Top of Data excerpts
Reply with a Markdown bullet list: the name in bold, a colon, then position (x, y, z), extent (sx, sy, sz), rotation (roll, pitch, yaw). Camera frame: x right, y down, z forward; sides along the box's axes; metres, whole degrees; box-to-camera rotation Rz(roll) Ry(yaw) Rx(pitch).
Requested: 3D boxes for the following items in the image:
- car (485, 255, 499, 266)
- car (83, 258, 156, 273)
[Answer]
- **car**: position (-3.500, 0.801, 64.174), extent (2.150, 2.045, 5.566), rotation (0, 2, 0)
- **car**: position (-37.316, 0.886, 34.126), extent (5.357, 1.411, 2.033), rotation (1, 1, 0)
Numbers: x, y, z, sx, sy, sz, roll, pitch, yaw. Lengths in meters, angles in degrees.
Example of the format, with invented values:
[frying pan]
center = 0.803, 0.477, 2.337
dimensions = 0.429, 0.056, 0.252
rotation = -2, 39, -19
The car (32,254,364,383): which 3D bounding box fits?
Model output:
Bottom of Data excerpts
Top of Data excerpts
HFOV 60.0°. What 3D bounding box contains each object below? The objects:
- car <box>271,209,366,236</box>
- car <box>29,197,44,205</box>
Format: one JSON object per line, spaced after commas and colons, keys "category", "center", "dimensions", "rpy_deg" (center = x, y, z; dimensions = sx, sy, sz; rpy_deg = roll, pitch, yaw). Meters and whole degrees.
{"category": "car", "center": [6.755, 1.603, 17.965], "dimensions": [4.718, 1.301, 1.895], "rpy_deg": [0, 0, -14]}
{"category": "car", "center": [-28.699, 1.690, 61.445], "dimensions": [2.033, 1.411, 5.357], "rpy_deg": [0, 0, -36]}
Bottom of Data excerpts
Top of Data excerpts
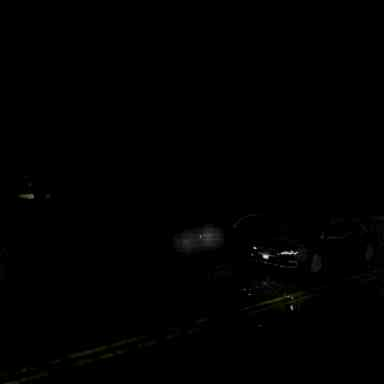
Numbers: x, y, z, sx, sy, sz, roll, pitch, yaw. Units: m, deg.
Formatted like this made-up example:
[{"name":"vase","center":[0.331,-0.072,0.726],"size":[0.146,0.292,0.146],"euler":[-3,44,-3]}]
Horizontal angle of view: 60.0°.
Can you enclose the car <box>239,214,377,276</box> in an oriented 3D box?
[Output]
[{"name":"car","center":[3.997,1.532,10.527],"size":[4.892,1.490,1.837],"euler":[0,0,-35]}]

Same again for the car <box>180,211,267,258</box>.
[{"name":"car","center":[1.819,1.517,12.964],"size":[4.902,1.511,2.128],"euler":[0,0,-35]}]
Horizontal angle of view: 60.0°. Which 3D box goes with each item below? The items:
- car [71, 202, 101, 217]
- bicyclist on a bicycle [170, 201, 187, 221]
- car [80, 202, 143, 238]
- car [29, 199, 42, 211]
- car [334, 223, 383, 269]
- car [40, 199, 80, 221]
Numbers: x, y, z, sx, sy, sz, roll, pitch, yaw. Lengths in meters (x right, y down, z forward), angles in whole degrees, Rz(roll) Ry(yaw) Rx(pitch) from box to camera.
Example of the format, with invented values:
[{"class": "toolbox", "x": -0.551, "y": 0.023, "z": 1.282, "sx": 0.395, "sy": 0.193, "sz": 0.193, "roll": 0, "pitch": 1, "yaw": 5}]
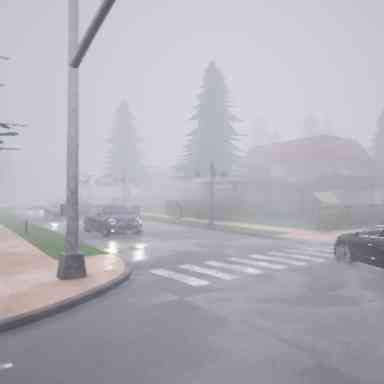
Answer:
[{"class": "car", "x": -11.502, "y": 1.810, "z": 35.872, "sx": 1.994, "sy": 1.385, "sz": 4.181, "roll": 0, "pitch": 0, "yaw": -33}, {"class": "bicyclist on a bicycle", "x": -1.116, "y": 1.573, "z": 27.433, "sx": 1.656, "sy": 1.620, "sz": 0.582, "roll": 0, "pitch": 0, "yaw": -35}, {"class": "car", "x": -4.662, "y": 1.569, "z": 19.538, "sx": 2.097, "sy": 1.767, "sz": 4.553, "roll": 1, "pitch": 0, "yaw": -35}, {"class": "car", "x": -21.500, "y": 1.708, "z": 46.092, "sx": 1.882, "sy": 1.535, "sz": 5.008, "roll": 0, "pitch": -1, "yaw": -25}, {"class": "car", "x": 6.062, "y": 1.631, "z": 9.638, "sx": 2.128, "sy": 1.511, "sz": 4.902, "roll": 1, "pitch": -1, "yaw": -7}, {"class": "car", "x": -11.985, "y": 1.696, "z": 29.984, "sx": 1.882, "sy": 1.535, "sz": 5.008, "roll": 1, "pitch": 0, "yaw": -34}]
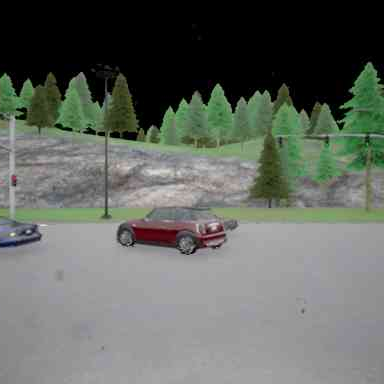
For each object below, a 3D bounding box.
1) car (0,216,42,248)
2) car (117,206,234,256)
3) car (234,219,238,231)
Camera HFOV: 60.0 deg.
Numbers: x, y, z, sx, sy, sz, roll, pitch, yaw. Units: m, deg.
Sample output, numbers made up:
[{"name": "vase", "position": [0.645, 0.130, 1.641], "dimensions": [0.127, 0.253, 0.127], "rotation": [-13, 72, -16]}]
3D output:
Bottom of Data excerpts
◆ Problem to work on: Answer with a single number, the count of lines in the data that contain "Horizontal".

◆ Exercise answer: 2